≡ Menu

A Taxing Title

Warren Smith sent to me a link to a short essay by Noah Smith entitled “A Wealth Tax Looks Like It Can Make a Country Richer.”  But the title is misleading.  If the substance of the essay is correct – and that substance is quite plausible – what ‘makes a country richer’ is not a wealth tax but the elimination (or reduction) of taxes on capital gains.

Noah Smith reports on research from 2013 by Daphne Chen, Fatih Guvenen, Gueorgui Kambourov, and Burhanettin Kuruscu.  These researchers find that under plausible real-world circumstances, if government replaces taxes on capital gains with taxes on wealth, the economy becomes more efficient than it would be under a continuation of a regime in which taxes continue to fall heavily on capital gains.

No doubt.  But, again, what make the country richer here is not the wealth tax per se; rather, what makes the country richer is the elimination or reduction of taxes on the wealth-producing activity of investing.  Or to criticize the title (“Efficiency Gains from Wealth Taxation”) of the paper on which Noah Smith reports, the source of the efficiency gains is the elimination or reduction of taxes on capital gains; it’s not the wealth tax per se.

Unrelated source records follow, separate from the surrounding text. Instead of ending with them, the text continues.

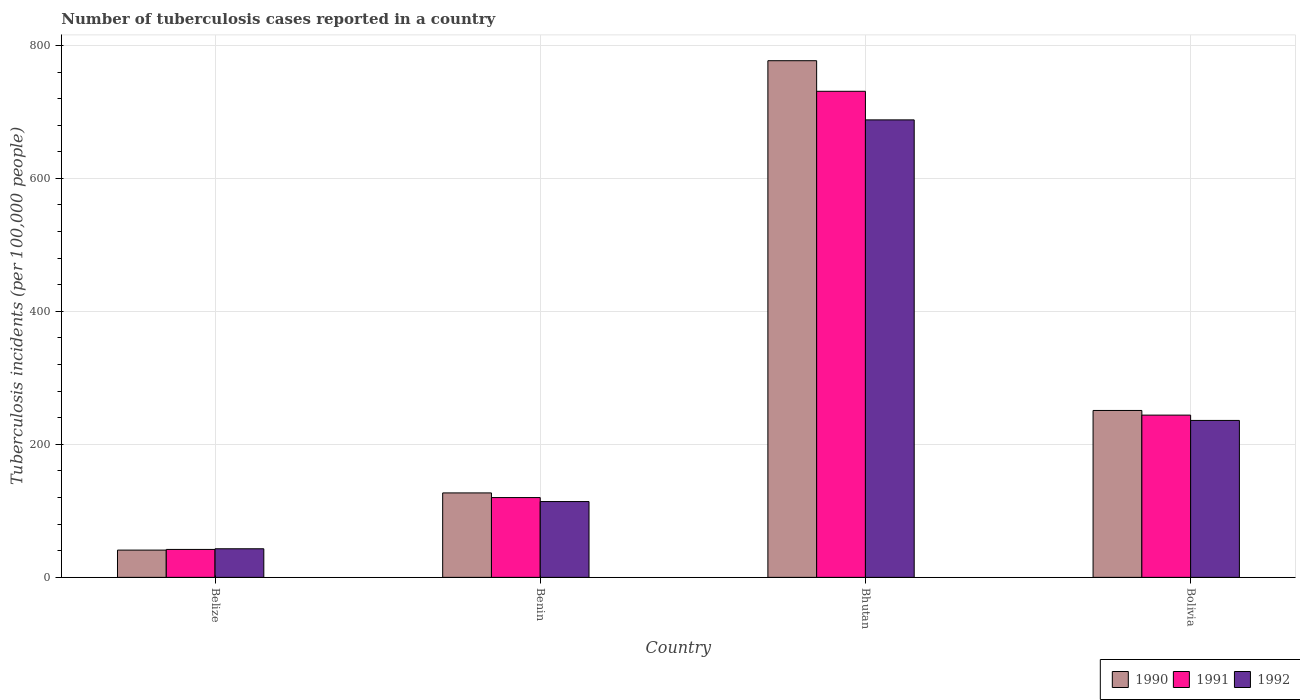How many bars are there on the 3rd tick from the right?
Offer a terse response. 3. What is the label of the 4th group of bars from the left?
Provide a short and direct response. Bolivia. What is the number of tuberculosis cases reported in in 1992 in Bhutan?
Your response must be concise. 688. Across all countries, what is the maximum number of tuberculosis cases reported in in 1990?
Keep it short and to the point. 777. In which country was the number of tuberculosis cases reported in in 1992 maximum?
Offer a very short reply. Bhutan. In which country was the number of tuberculosis cases reported in in 1991 minimum?
Offer a very short reply. Belize. What is the total number of tuberculosis cases reported in in 1991 in the graph?
Make the answer very short. 1137. What is the difference between the number of tuberculosis cases reported in in 1990 in Belize and that in Bolivia?
Keep it short and to the point. -210. What is the difference between the number of tuberculosis cases reported in in 1992 in Belize and the number of tuberculosis cases reported in in 1991 in Benin?
Your answer should be very brief. -77. What is the average number of tuberculosis cases reported in in 1992 per country?
Your answer should be compact. 270.25. What is the difference between the number of tuberculosis cases reported in of/in 1990 and number of tuberculosis cases reported in of/in 1991 in Bhutan?
Provide a short and direct response. 46. In how many countries, is the number of tuberculosis cases reported in in 1990 greater than 600?
Ensure brevity in your answer.  1. What is the ratio of the number of tuberculosis cases reported in in 1990 in Belize to that in Bolivia?
Offer a very short reply. 0.16. Is the difference between the number of tuberculosis cases reported in in 1990 in Benin and Bhutan greater than the difference between the number of tuberculosis cases reported in in 1991 in Benin and Bhutan?
Ensure brevity in your answer.  No. What is the difference between the highest and the second highest number of tuberculosis cases reported in in 1990?
Offer a terse response. 526. What is the difference between the highest and the lowest number of tuberculosis cases reported in in 1992?
Make the answer very short. 645. Is the sum of the number of tuberculosis cases reported in in 1992 in Belize and Bolivia greater than the maximum number of tuberculosis cases reported in in 1991 across all countries?
Offer a very short reply. No. What does the 3rd bar from the right in Belize represents?
Give a very brief answer. 1990. Is it the case that in every country, the sum of the number of tuberculosis cases reported in in 1991 and number of tuberculosis cases reported in in 1992 is greater than the number of tuberculosis cases reported in in 1990?
Provide a succinct answer. Yes. How many bars are there?
Offer a very short reply. 12. Are all the bars in the graph horizontal?
Offer a terse response. No. What is the difference between two consecutive major ticks on the Y-axis?
Your response must be concise. 200. Does the graph contain grids?
Ensure brevity in your answer.  Yes. What is the title of the graph?
Your answer should be compact. Number of tuberculosis cases reported in a country. Does "1974" appear as one of the legend labels in the graph?
Offer a very short reply. No. What is the label or title of the Y-axis?
Keep it short and to the point. Tuberculosis incidents (per 100,0 people). What is the Tuberculosis incidents (per 100,000 people) in 1990 in Belize?
Ensure brevity in your answer.  41. What is the Tuberculosis incidents (per 100,000 people) in 1992 in Belize?
Offer a very short reply. 43. What is the Tuberculosis incidents (per 100,000 people) in 1990 in Benin?
Your response must be concise. 127. What is the Tuberculosis incidents (per 100,000 people) of 1991 in Benin?
Make the answer very short. 120. What is the Tuberculosis incidents (per 100,000 people) of 1992 in Benin?
Provide a short and direct response. 114. What is the Tuberculosis incidents (per 100,000 people) in 1990 in Bhutan?
Offer a terse response. 777. What is the Tuberculosis incidents (per 100,000 people) of 1991 in Bhutan?
Keep it short and to the point. 731. What is the Tuberculosis incidents (per 100,000 people) of 1992 in Bhutan?
Make the answer very short. 688. What is the Tuberculosis incidents (per 100,000 people) of 1990 in Bolivia?
Ensure brevity in your answer.  251. What is the Tuberculosis incidents (per 100,000 people) in 1991 in Bolivia?
Your response must be concise. 244. What is the Tuberculosis incidents (per 100,000 people) in 1992 in Bolivia?
Offer a terse response. 236. Across all countries, what is the maximum Tuberculosis incidents (per 100,000 people) in 1990?
Offer a very short reply. 777. Across all countries, what is the maximum Tuberculosis incidents (per 100,000 people) in 1991?
Offer a terse response. 731. Across all countries, what is the maximum Tuberculosis incidents (per 100,000 people) in 1992?
Ensure brevity in your answer.  688. Across all countries, what is the minimum Tuberculosis incidents (per 100,000 people) of 1991?
Your response must be concise. 42. Across all countries, what is the minimum Tuberculosis incidents (per 100,000 people) of 1992?
Provide a succinct answer. 43. What is the total Tuberculosis incidents (per 100,000 people) of 1990 in the graph?
Provide a short and direct response. 1196. What is the total Tuberculosis incidents (per 100,000 people) of 1991 in the graph?
Your answer should be very brief. 1137. What is the total Tuberculosis incidents (per 100,000 people) in 1992 in the graph?
Keep it short and to the point. 1081. What is the difference between the Tuberculosis incidents (per 100,000 people) of 1990 in Belize and that in Benin?
Keep it short and to the point. -86. What is the difference between the Tuberculosis incidents (per 100,000 people) in 1991 in Belize and that in Benin?
Your answer should be compact. -78. What is the difference between the Tuberculosis incidents (per 100,000 people) in 1992 in Belize and that in Benin?
Your answer should be compact. -71. What is the difference between the Tuberculosis incidents (per 100,000 people) of 1990 in Belize and that in Bhutan?
Provide a succinct answer. -736. What is the difference between the Tuberculosis incidents (per 100,000 people) in 1991 in Belize and that in Bhutan?
Provide a short and direct response. -689. What is the difference between the Tuberculosis incidents (per 100,000 people) in 1992 in Belize and that in Bhutan?
Provide a succinct answer. -645. What is the difference between the Tuberculosis incidents (per 100,000 people) of 1990 in Belize and that in Bolivia?
Offer a very short reply. -210. What is the difference between the Tuberculosis incidents (per 100,000 people) of 1991 in Belize and that in Bolivia?
Your answer should be compact. -202. What is the difference between the Tuberculosis incidents (per 100,000 people) of 1992 in Belize and that in Bolivia?
Your response must be concise. -193. What is the difference between the Tuberculosis incidents (per 100,000 people) in 1990 in Benin and that in Bhutan?
Ensure brevity in your answer.  -650. What is the difference between the Tuberculosis incidents (per 100,000 people) of 1991 in Benin and that in Bhutan?
Provide a short and direct response. -611. What is the difference between the Tuberculosis incidents (per 100,000 people) in 1992 in Benin and that in Bhutan?
Your response must be concise. -574. What is the difference between the Tuberculosis incidents (per 100,000 people) in 1990 in Benin and that in Bolivia?
Your answer should be compact. -124. What is the difference between the Tuberculosis incidents (per 100,000 people) in 1991 in Benin and that in Bolivia?
Provide a short and direct response. -124. What is the difference between the Tuberculosis incidents (per 100,000 people) in 1992 in Benin and that in Bolivia?
Provide a short and direct response. -122. What is the difference between the Tuberculosis incidents (per 100,000 people) of 1990 in Bhutan and that in Bolivia?
Your response must be concise. 526. What is the difference between the Tuberculosis incidents (per 100,000 people) in 1991 in Bhutan and that in Bolivia?
Offer a very short reply. 487. What is the difference between the Tuberculosis incidents (per 100,000 people) of 1992 in Bhutan and that in Bolivia?
Keep it short and to the point. 452. What is the difference between the Tuberculosis incidents (per 100,000 people) of 1990 in Belize and the Tuberculosis incidents (per 100,000 people) of 1991 in Benin?
Give a very brief answer. -79. What is the difference between the Tuberculosis incidents (per 100,000 people) of 1990 in Belize and the Tuberculosis incidents (per 100,000 people) of 1992 in Benin?
Your answer should be very brief. -73. What is the difference between the Tuberculosis incidents (per 100,000 people) in 1991 in Belize and the Tuberculosis incidents (per 100,000 people) in 1992 in Benin?
Make the answer very short. -72. What is the difference between the Tuberculosis incidents (per 100,000 people) in 1990 in Belize and the Tuberculosis incidents (per 100,000 people) in 1991 in Bhutan?
Your answer should be very brief. -690. What is the difference between the Tuberculosis incidents (per 100,000 people) of 1990 in Belize and the Tuberculosis incidents (per 100,000 people) of 1992 in Bhutan?
Your response must be concise. -647. What is the difference between the Tuberculosis incidents (per 100,000 people) in 1991 in Belize and the Tuberculosis incidents (per 100,000 people) in 1992 in Bhutan?
Make the answer very short. -646. What is the difference between the Tuberculosis incidents (per 100,000 people) of 1990 in Belize and the Tuberculosis incidents (per 100,000 people) of 1991 in Bolivia?
Ensure brevity in your answer.  -203. What is the difference between the Tuberculosis incidents (per 100,000 people) in 1990 in Belize and the Tuberculosis incidents (per 100,000 people) in 1992 in Bolivia?
Your answer should be compact. -195. What is the difference between the Tuberculosis incidents (per 100,000 people) of 1991 in Belize and the Tuberculosis incidents (per 100,000 people) of 1992 in Bolivia?
Your answer should be very brief. -194. What is the difference between the Tuberculosis incidents (per 100,000 people) of 1990 in Benin and the Tuberculosis incidents (per 100,000 people) of 1991 in Bhutan?
Offer a very short reply. -604. What is the difference between the Tuberculosis incidents (per 100,000 people) of 1990 in Benin and the Tuberculosis incidents (per 100,000 people) of 1992 in Bhutan?
Keep it short and to the point. -561. What is the difference between the Tuberculosis incidents (per 100,000 people) of 1991 in Benin and the Tuberculosis incidents (per 100,000 people) of 1992 in Bhutan?
Your answer should be compact. -568. What is the difference between the Tuberculosis incidents (per 100,000 people) in 1990 in Benin and the Tuberculosis incidents (per 100,000 people) in 1991 in Bolivia?
Your answer should be very brief. -117. What is the difference between the Tuberculosis incidents (per 100,000 people) of 1990 in Benin and the Tuberculosis incidents (per 100,000 people) of 1992 in Bolivia?
Offer a terse response. -109. What is the difference between the Tuberculosis incidents (per 100,000 people) in 1991 in Benin and the Tuberculosis incidents (per 100,000 people) in 1992 in Bolivia?
Give a very brief answer. -116. What is the difference between the Tuberculosis incidents (per 100,000 people) of 1990 in Bhutan and the Tuberculosis incidents (per 100,000 people) of 1991 in Bolivia?
Your answer should be compact. 533. What is the difference between the Tuberculosis incidents (per 100,000 people) in 1990 in Bhutan and the Tuberculosis incidents (per 100,000 people) in 1992 in Bolivia?
Offer a terse response. 541. What is the difference between the Tuberculosis incidents (per 100,000 people) in 1991 in Bhutan and the Tuberculosis incidents (per 100,000 people) in 1992 in Bolivia?
Offer a very short reply. 495. What is the average Tuberculosis incidents (per 100,000 people) in 1990 per country?
Make the answer very short. 299. What is the average Tuberculosis incidents (per 100,000 people) in 1991 per country?
Offer a very short reply. 284.25. What is the average Tuberculosis incidents (per 100,000 people) in 1992 per country?
Your answer should be compact. 270.25. What is the difference between the Tuberculosis incidents (per 100,000 people) of 1990 and Tuberculosis incidents (per 100,000 people) of 1992 in Belize?
Your answer should be very brief. -2. What is the difference between the Tuberculosis incidents (per 100,000 people) in 1990 and Tuberculosis incidents (per 100,000 people) in 1992 in Benin?
Ensure brevity in your answer.  13. What is the difference between the Tuberculosis incidents (per 100,000 people) in 1990 and Tuberculosis incidents (per 100,000 people) in 1991 in Bhutan?
Your answer should be compact. 46. What is the difference between the Tuberculosis incidents (per 100,000 people) in 1990 and Tuberculosis incidents (per 100,000 people) in 1992 in Bhutan?
Your response must be concise. 89. What is the difference between the Tuberculosis incidents (per 100,000 people) in 1990 and Tuberculosis incidents (per 100,000 people) in 1991 in Bolivia?
Your answer should be compact. 7. What is the ratio of the Tuberculosis incidents (per 100,000 people) of 1990 in Belize to that in Benin?
Make the answer very short. 0.32. What is the ratio of the Tuberculosis incidents (per 100,000 people) of 1991 in Belize to that in Benin?
Offer a very short reply. 0.35. What is the ratio of the Tuberculosis incidents (per 100,000 people) of 1992 in Belize to that in Benin?
Keep it short and to the point. 0.38. What is the ratio of the Tuberculosis incidents (per 100,000 people) of 1990 in Belize to that in Bhutan?
Your answer should be compact. 0.05. What is the ratio of the Tuberculosis incidents (per 100,000 people) of 1991 in Belize to that in Bhutan?
Your answer should be compact. 0.06. What is the ratio of the Tuberculosis incidents (per 100,000 people) of 1992 in Belize to that in Bhutan?
Your response must be concise. 0.06. What is the ratio of the Tuberculosis incidents (per 100,000 people) in 1990 in Belize to that in Bolivia?
Your answer should be very brief. 0.16. What is the ratio of the Tuberculosis incidents (per 100,000 people) of 1991 in Belize to that in Bolivia?
Provide a succinct answer. 0.17. What is the ratio of the Tuberculosis incidents (per 100,000 people) of 1992 in Belize to that in Bolivia?
Ensure brevity in your answer.  0.18. What is the ratio of the Tuberculosis incidents (per 100,000 people) of 1990 in Benin to that in Bhutan?
Your answer should be compact. 0.16. What is the ratio of the Tuberculosis incidents (per 100,000 people) in 1991 in Benin to that in Bhutan?
Your answer should be very brief. 0.16. What is the ratio of the Tuberculosis incidents (per 100,000 people) of 1992 in Benin to that in Bhutan?
Offer a terse response. 0.17. What is the ratio of the Tuberculosis incidents (per 100,000 people) in 1990 in Benin to that in Bolivia?
Give a very brief answer. 0.51. What is the ratio of the Tuberculosis incidents (per 100,000 people) of 1991 in Benin to that in Bolivia?
Provide a short and direct response. 0.49. What is the ratio of the Tuberculosis incidents (per 100,000 people) of 1992 in Benin to that in Bolivia?
Offer a terse response. 0.48. What is the ratio of the Tuberculosis incidents (per 100,000 people) of 1990 in Bhutan to that in Bolivia?
Keep it short and to the point. 3.1. What is the ratio of the Tuberculosis incidents (per 100,000 people) in 1991 in Bhutan to that in Bolivia?
Ensure brevity in your answer.  3. What is the ratio of the Tuberculosis incidents (per 100,000 people) of 1992 in Bhutan to that in Bolivia?
Your answer should be compact. 2.92. What is the difference between the highest and the second highest Tuberculosis incidents (per 100,000 people) in 1990?
Offer a very short reply. 526. What is the difference between the highest and the second highest Tuberculosis incidents (per 100,000 people) in 1991?
Give a very brief answer. 487. What is the difference between the highest and the second highest Tuberculosis incidents (per 100,000 people) of 1992?
Keep it short and to the point. 452. What is the difference between the highest and the lowest Tuberculosis incidents (per 100,000 people) of 1990?
Offer a terse response. 736. What is the difference between the highest and the lowest Tuberculosis incidents (per 100,000 people) in 1991?
Your answer should be very brief. 689. What is the difference between the highest and the lowest Tuberculosis incidents (per 100,000 people) of 1992?
Provide a succinct answer. 645.

Even the most uncompromising and vigorous opponent of taxation understands that some taxes are less economically harmful than are other taxes, and that – given the reality that governments will tax – it is helpful to distinguish less-harmful methods of taxation from more-harmful ones.  I’ve not read the 2013 paper linked to above.  Yet judging from Noah Smith’s summary of it, from its abstract, and from what I know of economics, its thesis is sensible: taxing wealth might – only might – be less economically destructive than is taxing the gains from successful investing and, therefore, revenue-neutral increases in taxes on wealth and decreases in taxes on capital gains might indeed result in less wealth destruction over time.

For the record, I do not here endorse a tax on wealth (although I do endorse the elimination of taxes on capital gains).